Na apresentação, o presidente da Sabesp, Jerson Kelman, admite que a grave crise hídrica que se abateu sobre São Paulo na ocasião deixou evidente a importância da gestão eficiente e sustentável dos recursos naturais na prevenção de futuras adversidades climáticas. “Recuperar e preservar os recursos naturais nas regiões do cinturão verde, mais do que uma obrigação, é uma diretriz estratégica para garantir a entrega de água aos mais de 28 milhões de consumidores”, registrou.

De certo modo, a Nespresso segue uma estratégia semelhante com o programa Consórcio Cerrado das Águas. Conforme explica o especialista em café verde da empresa, Guilherme Amado, a missão do programa é garantir o futuro dos cafés. “No Cerrado mineiro [região do Triângulo Mineiro], se analisarmos os índices de chuva nos últimos 10 anos, veremos que em sete deles as precipitações ficaram abaixo da média histórica. Isso é muito impactante em uma região de temperaturas altas com uma produção de café tão dependente da água [cerca de 60% da cafeicultura do Cerrado utiliza irrigação].”

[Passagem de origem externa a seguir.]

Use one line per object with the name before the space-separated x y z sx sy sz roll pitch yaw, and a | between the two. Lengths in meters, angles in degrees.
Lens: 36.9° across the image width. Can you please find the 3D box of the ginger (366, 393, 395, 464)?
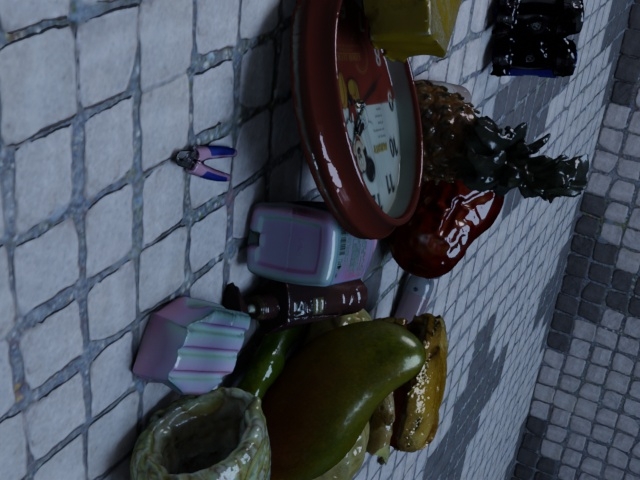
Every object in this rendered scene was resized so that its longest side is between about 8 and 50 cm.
ginger | 0.090 0.282 1.462 0.057 0.044 0.137 -64 161 -68

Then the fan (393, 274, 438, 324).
fan | 0.190 0.059 1.765 0.130 0.074 0.244 -15 128 -77

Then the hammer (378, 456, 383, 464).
hammer | 0.151 0.421 2.037 0.029 0.014 0.123 93 23 -54

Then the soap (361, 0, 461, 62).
soap | 0.114 -0.322 1.148 0.258 0.080 0.160 -71 147 -42

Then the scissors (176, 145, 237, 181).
scissors | -0.119 -0.082 0.999 0.113 0.012 0.039 2 106 -67

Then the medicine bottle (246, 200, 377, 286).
medicine bottle | 0.000 0.000 1.198 0.188 0.119 0.095 -6 104 -65

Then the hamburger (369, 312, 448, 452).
hamburger | 0.119 0.233 1.585 0.244 0.162 0.245 8 90 -74

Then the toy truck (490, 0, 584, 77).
toy truck | 0.403 -0.408 1.801 0.177 0.161 0.213 -76 167 -46

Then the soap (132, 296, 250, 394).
soap | -0.141 0.116 1.051 0.149 0.056 0.100 21 86 -68

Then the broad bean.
broad bean | -0.084 0.174 1.237 0.256 0.052 0.052 -56 159 -31

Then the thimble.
thimble | -0.126 0.261 1.086 0.190 0.137 0.144 -32 136 -39

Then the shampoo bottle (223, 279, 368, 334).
shampoo bottle | -0.031 0.076 1.228 0.236 0.067 0.068 -7 78 -51

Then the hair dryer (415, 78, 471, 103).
hair dryer | 0.174 -0.152 1.573 0.195 0.053 0.221 -15 122 -64

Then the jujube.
jujube | 0.210 -0.045 1.613 0.230 0.155 0.155 -55 153 -24

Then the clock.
clock | 0.040 -0.158 1.137 0.318 0.080 0.319 -8 90 -68

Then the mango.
mango | 0.003 0.210 1.279 0.289 0.146 0.129 -51 147 7

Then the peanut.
peanut | 0.014 0.235 1.422 0.147 0.146 0.306 -21 122 -62

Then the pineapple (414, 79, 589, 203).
pineapple | 0.225 -0.128 1.371 0.141 0.309 0.170 -61 156 -18
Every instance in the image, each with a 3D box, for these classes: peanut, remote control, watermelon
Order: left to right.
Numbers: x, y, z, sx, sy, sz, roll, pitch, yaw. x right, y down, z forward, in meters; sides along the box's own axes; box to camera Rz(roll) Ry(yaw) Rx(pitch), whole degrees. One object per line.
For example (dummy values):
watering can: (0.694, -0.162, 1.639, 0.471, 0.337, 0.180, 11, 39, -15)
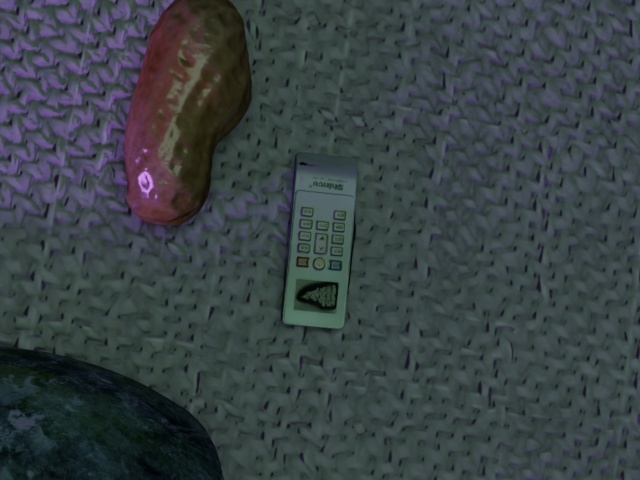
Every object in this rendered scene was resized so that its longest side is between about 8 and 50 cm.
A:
watermelon: (-0.222, 0.257, 1.193, 0.228, 0.387, 0.258, 14, 122, -31)
peanut: (-0.123, -0.123, 1.315, 0.108, 0.095, 0.226, 18, 80, -10)
remote control: (0.000, 0.000, 1.354, 0.065, 0.029, 0.166, 6, 86, -11)
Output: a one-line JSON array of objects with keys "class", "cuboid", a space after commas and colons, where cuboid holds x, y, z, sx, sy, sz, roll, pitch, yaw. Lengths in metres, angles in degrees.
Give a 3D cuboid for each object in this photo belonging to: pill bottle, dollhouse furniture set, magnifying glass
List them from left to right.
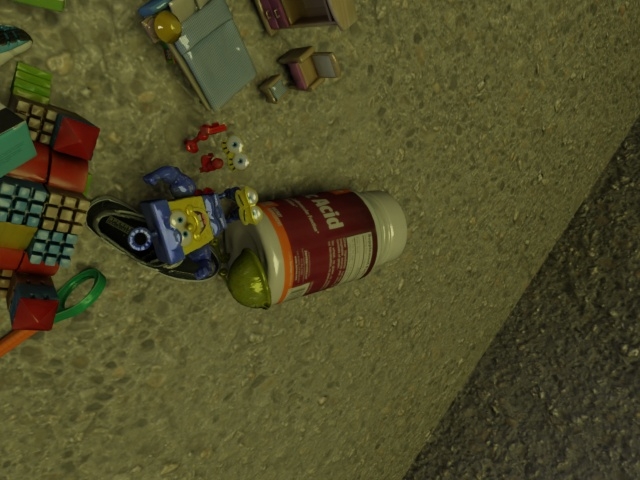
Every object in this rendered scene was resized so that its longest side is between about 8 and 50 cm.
[{"class": "magnifying glass", "cuboid": [-0.492, 0.133, 0.807, 0.231, 0.092, 0.026, -38, 132, -6]}, {"class": "dollhouse furniture set", "cuboid": [-0.099, -0.329, 0.783, 0.303, 0.198, 0.287, -50, 137, -25]}, {"class": "pill bottle", "cuboid": [0.000, 0.000, 1.038, 0.391, 0.224, 0.224, -13, 117, -34]}]

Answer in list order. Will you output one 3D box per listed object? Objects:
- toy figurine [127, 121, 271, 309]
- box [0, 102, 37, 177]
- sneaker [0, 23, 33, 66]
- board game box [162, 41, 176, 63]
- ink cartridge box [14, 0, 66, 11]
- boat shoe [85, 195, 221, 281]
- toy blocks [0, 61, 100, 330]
[{"class": "toy figurine", "cuboid": [-0.240, -0.008, 0.798, 0.217, 0.191, 0.363, -27, 113, -43]}, {"class": "box", "cuboid": [-0.467, -0.158, 0.516, 0.101, 0.244, 0.060, -51, 174, -35]}, {"class": "sneaker", "cuboid": [-0.507, -0.247, 0.644, 0.190, 0.071, 0.083, -37, 154, -25]}, {"class": "board game box", "cuboid": [-0.241, -0.414, 0.787, 0.092, 0.043, 0.182, -21, 121, -30]}, {"class": "ink cartridge box", "cuboid": [-0.415, -0.447, 0.544, 0.188, 0.097, 0.255, -3, 130, -38]}, {"class": "boat shoe", "cuboid": [-0.309, 0.014, 0.878, 0.301, 0.102, 0.108, 39, 83, -41]}, {"class": "toy blocks", "cuboid": [-0.423, -0.051, 0.654, 0.190, 0.260, 0.382, 14, 99, -41]}]
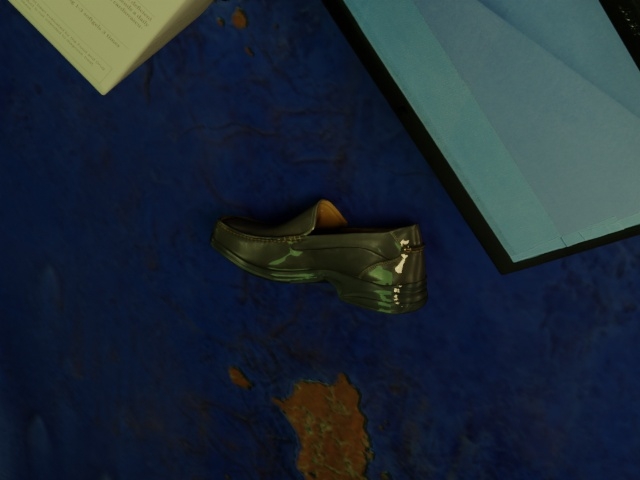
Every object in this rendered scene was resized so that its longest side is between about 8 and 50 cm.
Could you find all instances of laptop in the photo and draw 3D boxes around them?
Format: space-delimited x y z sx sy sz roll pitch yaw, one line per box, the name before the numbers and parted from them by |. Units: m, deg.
laptop | 0.116 -0.065 0.750 0.136 0.264 0.234 -34 111 3

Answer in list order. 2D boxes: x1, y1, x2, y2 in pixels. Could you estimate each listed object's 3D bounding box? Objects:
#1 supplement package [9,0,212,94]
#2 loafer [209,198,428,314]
supplement package | -0.077 -0.177 0.813 0.105 0.105 0.179 46 136 -4
loafer | 0.000 0.000 1.132 0.170 0.062 0.061 14 109 25
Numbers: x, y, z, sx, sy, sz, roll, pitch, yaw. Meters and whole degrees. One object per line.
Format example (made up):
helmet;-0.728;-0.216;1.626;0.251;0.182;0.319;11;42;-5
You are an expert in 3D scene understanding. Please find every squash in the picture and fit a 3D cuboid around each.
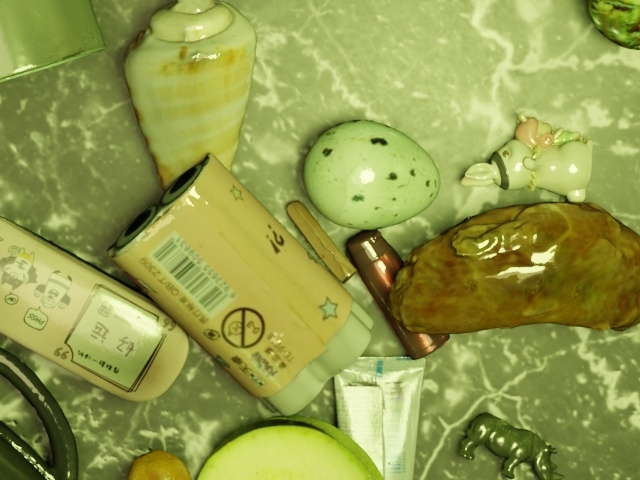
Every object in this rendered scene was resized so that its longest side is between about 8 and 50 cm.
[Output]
squash;-0.038;0.335;1.805;0.252;0.049;0.252;0;91;19

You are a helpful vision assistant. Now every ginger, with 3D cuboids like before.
ginger;0.240;0.027;1.740;0.321;0.165;0.172;0;124;-9

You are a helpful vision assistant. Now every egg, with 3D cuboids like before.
egg;0.060;-0.074;1.756;0.164;0.131;0.131;12;98;-27

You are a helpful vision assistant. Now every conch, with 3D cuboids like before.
conch;-0.146;-0.169;1.728;0.158;0.127;0.255;-6;98;-2
conch;0.389;-0.309;1.731;0.187;0.124;0.181;-39;100;-5

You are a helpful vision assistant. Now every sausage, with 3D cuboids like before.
sausage;0.000;0.000;1.794;0.026;0.026;0.116;-39;81;3

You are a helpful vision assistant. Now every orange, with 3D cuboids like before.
orange;-0.194;0.293;1.814;0.085;0.085;0.085;0;98;-2

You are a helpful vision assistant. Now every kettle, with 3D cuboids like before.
kettle;-0.430;0.268;1.745;0.250;0.207;0.271;-42;89;10

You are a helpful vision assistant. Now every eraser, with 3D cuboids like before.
eraser;-0.089;0.060;1.754;0.171;0.087;0.290;-42;108;6

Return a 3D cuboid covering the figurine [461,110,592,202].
figurine;0.244;-0.097;1.790;0.146;0.081;0.098;8;54;2

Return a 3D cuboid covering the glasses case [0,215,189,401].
glasses case;-0.303;0.079;1.781;0.314;0.075;0.122;30;97;-6

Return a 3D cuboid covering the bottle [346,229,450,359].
bottle;0.088;0.061;1.804;0.060;0.060;0.164;-32;97;2

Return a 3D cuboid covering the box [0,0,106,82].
box;-0.364;-0.249;1.659;0.226;0.226;0.149;-16;98;0

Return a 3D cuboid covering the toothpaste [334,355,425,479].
toothpaste;0.069;0.289;1.832;0.114;0.073;0.299;1;92;-6

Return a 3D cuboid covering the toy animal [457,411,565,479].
toy animal;0.238;0.259;1.840;0.135;0.047;0.065;26;88;0
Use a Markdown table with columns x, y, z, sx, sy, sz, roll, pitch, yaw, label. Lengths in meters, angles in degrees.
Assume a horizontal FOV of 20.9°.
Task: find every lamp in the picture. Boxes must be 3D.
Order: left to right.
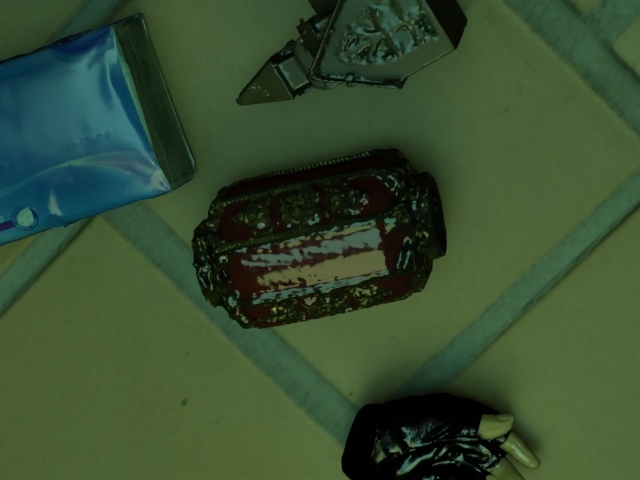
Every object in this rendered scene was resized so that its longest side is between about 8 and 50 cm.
| x | y | z | sx | sy | sz | roll | pitch | yaw | label |
| --- | --- | --- | --- | --- | --- | --- | --- | --- | --- |
| 0.000 | 0.000 | 1.885 | 0.274 | 0.177 | 0.177 | -14 | 101 | 12 | lamp |

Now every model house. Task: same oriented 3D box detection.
| x | y | z | sx | sy | sz | roll | pitch | yaw | label |
| --- | --- | --- | --- | --- | --- | --- | --- | --- | --- |
| 0.004 | -0.221 | 1.816 | 0.248 | 0.181 | 0.176 | -29 | 102 | 16 | model house |

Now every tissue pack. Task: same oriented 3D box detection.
| x | y | z | sx | sy | sz | roll | pitch | yaw | label |
| --- | --- | --- | --- | --- | --- | --- | --- | --- | --- |
| -0.300 | -0.113 | 1.912 | 0.263 | 0.146 | 0.198 | -17 | 100 | 13 | tissue pack |

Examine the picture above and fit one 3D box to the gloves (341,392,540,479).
| x | y | z | sx | sy | sz | roll | pitch | yaw | label |
| --- | --- | --- | --- | --- | --- | --- | --- | --- | --- |
| 0.145 | 0.238 | 1.950 | 0.203 | 0.124 | 0.164 | 9 | 137 | -18 | gloves |
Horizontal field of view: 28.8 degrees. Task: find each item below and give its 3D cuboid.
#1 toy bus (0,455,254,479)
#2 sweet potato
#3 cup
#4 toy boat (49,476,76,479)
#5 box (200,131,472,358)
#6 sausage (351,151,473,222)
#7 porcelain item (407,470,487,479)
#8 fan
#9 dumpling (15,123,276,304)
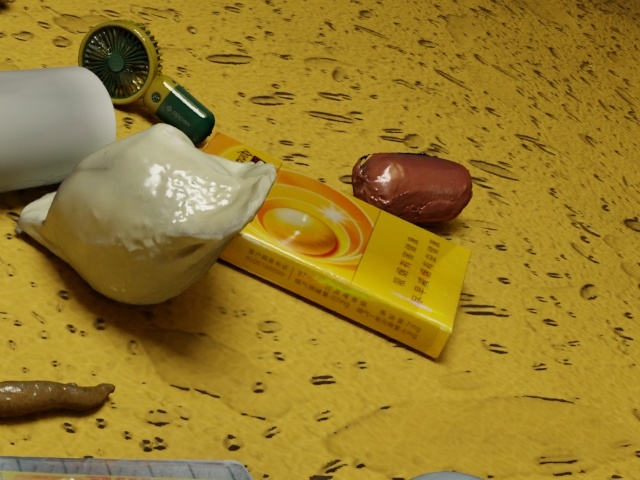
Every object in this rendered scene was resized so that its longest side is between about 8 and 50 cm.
[{"bbox_3d":[-0.123,0.164,0.730,0.190,0.064,0.075,7,27,-28],"label":"toy bus"},{"bbox_3d":[-0.184,0.104,0.825,0.115,0.026,0.026,5,34,-36],"label":"sweet potato"},{"bbox_3d":[-0.259,-0.084,1.034,0.133,0.136,0.099,-15,81,-48],"label":"cup"},{"bbox_3d":[-0.113,0.217,0.609,0.072,0.064,0.206,-8,62,-22],"label":"toy boat"},{"bbox_3d":[0.000,0.000,1.117,0.269,0.043,0.152,25,29,2],"label":"box"},{"bbox_3d":[0.090,-0.052,1.248,0.141,0.076,0.076,1,36,-39],"label":"sausage"},{"bbox_3d":[0.117,0.217,0.757,0.259,0.141,0.141,16,29,-32],"label":"porcelain item"},{"bbox_3d":[-0.167,-0.153,1.227,0.155,0.082,0.039,42,23,3],"label":"fan"},{"bbox_3d":[-0.119,-0.029,0.964,0.166,0.216,0.126,-38,96,-43],"label":"dumpling"}]
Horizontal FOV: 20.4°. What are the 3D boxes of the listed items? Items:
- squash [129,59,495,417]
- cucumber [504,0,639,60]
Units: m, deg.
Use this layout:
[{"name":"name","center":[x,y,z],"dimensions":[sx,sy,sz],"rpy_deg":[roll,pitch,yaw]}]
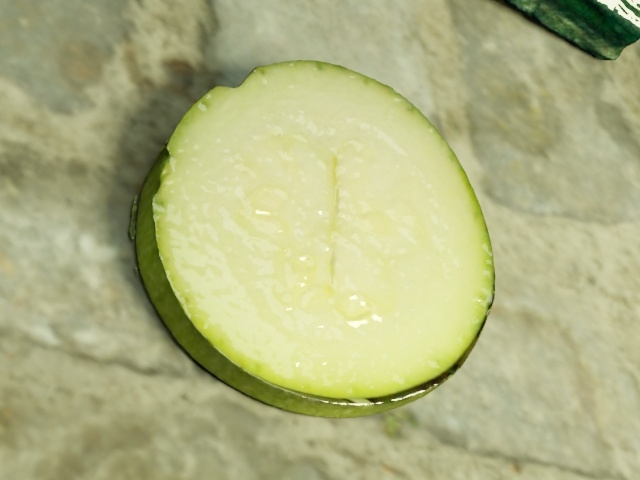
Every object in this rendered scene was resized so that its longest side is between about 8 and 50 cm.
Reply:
[{"name":"squash","center":[-0.002,0.002,1.047],"dimensions":[0.219,0.041,0.219],"rpy_deg":[9,65,-20]},{"name":"cucumber","center":[0.181,-0.196,1.210],"dimensions":[0.115,0.062,0.116],"rpy_deg":[32,55,-18]}]
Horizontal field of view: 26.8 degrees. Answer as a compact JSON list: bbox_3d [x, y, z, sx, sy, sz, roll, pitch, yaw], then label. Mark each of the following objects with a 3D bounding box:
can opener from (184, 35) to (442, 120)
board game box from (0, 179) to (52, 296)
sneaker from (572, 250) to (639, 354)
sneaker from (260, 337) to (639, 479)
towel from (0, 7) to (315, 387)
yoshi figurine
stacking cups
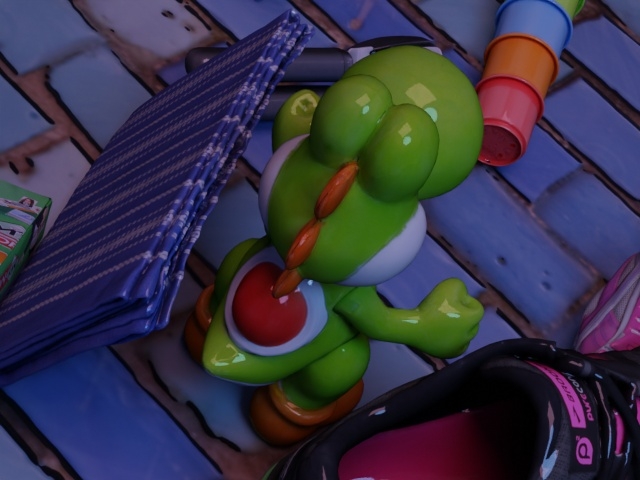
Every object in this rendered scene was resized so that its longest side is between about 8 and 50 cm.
[{"bbox_3d":[-0.003,-0.154,1.307,0.280,0.074,0.093,-6,23,-27],"label":"can opener"},{"bbox_3d":[-0.388,-0.021,1.003,0.317,0.046,0.213,21,32,0],"label":"board game box"},{"bbox_3d":[0.275,0.104,1.194,0.103,0.111,0.252,39,71,-6],"label":"sneaker"},{"bbox_3d":[0.188,0.163,0.991,0.482,0.202,0.185,-16,69,-15],"label":"sneaker"},{"bbox_3d":[-0.140,-0.029,1.049,0.040,0.243,0.336,46,45,-22],"label":"towel"},{"bbox_3d":[0.024,-0.008,0.997,0.203,0.362,0.203,7,55,-15],"label":"yoshi figurine"},{"bbox_3d":[0.211,-0.210,1.412,0.096,0.096,0.316,27,51,-1],"label":"stacking cups"}]
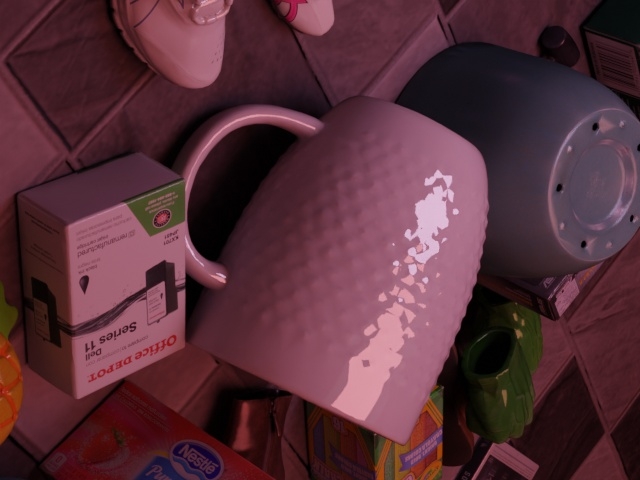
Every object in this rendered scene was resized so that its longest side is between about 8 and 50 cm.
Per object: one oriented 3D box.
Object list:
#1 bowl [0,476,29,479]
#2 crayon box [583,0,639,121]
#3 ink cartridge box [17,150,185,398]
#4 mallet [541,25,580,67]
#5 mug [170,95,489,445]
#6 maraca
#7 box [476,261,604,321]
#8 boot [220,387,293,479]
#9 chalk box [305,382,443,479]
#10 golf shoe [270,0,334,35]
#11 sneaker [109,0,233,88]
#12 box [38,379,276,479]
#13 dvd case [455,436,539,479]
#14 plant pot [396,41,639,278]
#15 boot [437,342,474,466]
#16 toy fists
[{"bbox_3d":[-0.323,0.363,1.507,0.311,0.163,0.312,-10,112,-26],"label":"bowl"},{"bbox_3d":[0.544,-0.278,2.225,0.313,0.106,0.363,-49,142,-19],"label":"crayon box"},{"bbox_3d":[-0.218,0.036,1.529,0.153,0.087,0.208,-26,131,-38],"label":"ink cartridge box"},{"bbox_3d":[0.276,-0.204,2.015,0.190,0.039,0.062,-50,142,-10],"label":"mallet"},{"bbox_3d":[0.000,0.000,1.652,0.374,0.276,0.328,28,83,-23],"label":"mug"},{"bbox_3d":[-0.335,0.123,1.442,0.127,0.099,0.186,26,65,-59],"label":"maraca"},{"bbox_3d":[0.308,-0.022,2.040,0.231,0.183,0.056,-49,140,-18],"label":"box"},{"bbox_3d":[-0.123,0.286,1.802,0.248,0.090,0.207,-7,109,-60],"label":"boot"},{"bbox_3d":[0.073,0.274,1.986,0.132,0.132,0.213,-32,134,-33],"label":"chalk box"},{"bbox_3d":[-0.015,-0.280,1.576,0.067,0.086,0.186,-47,142,-21],"label":"golf shoe"},{"bbox_3d":[-0.126,-0.267,1.415,0.111,0.129,0.297,-36,137,-34],"label":"sneaker"},{"bbox_3d":[-0.137,0.301,1.613,0.142,0.300,0.154,-45,139,-22],"label":"box"},{"bbox_3d":[0.242,0.428,2.372,0.239,0.029,0.179,-59,143,-5],"label":"dvd case"},{"bbox_3d":[0.260,-0.084,1.840,0.293,0.235,0.293,-11,108,-36],"label":"plant pot"},{"bbox_3d":[0.150,0.169,2.071,0.115,0.112,0.305,-71,152,-44],"label":"boot"},{"bbox_3d":[0.250,0.159,2.085,0.279,0.096,0.142,-72,147,-52],"label":"toy fists"}]

Em 2015, a mesma seca que fez “evaporar” a água dos sistemas de abastecimento da Sabesp, também atingiu em cheio os produtores dos mais premiados cafés brasileiros. Na época, os produtores de café foram obrigados a cessar a captação de água sob pena de terem seus equipamentos de irrigação embargados pelo estado. “Essa interrupção do ciclo da planta [com a suspensão da irrigação] acarreta menos produtividade e menos qualidade”, observa Amado.

Pó pô o pó?

O café é uma planta exigente. Para produzir um grão com qualidade premium é necessário um volume de água constante, muito bem distribuído, que varie de 1.200 a 1.500 milímetros ao ano. Embora tenha um clima ótimo para o café, o Cerrado é um bioma delicado e já maltratado nas regiões de alta produção agrícola. A situação não é diferente em Patrocínio, no Triângulo Mineiro, onde a Nespresso tem seus grandes fornecedores. “Chuvas fortes e rápidas são cada vez mais frequentes e, quando caem sobre um solo compactado, provocam lixiviação de fertilizantes e agroquímicos, impactam na produção, na produtividade e na qualidade do produto final”, explica o especialista em café verde da Nespresso, Guilherme Amado.

Segundo seu relato, em muitas das áreas agrícolas de Patrocínio, não se vê mais nenhuma árvore. A ocupação agrícola massiva no Triângulo Mineiro teve início nos anos 1970, depois que sucessivas geadas dizimaram a cafeicultura do Paraná. Muitos agricultores migraram para a região, onde o clima era bom e as terras não tão caras, mas nem todos foram cuidadosos com o ecossistema ao formar suas lavouras. “Isso impactou o clima e hoje todos estão pagando um alto preço”, diz o especialista.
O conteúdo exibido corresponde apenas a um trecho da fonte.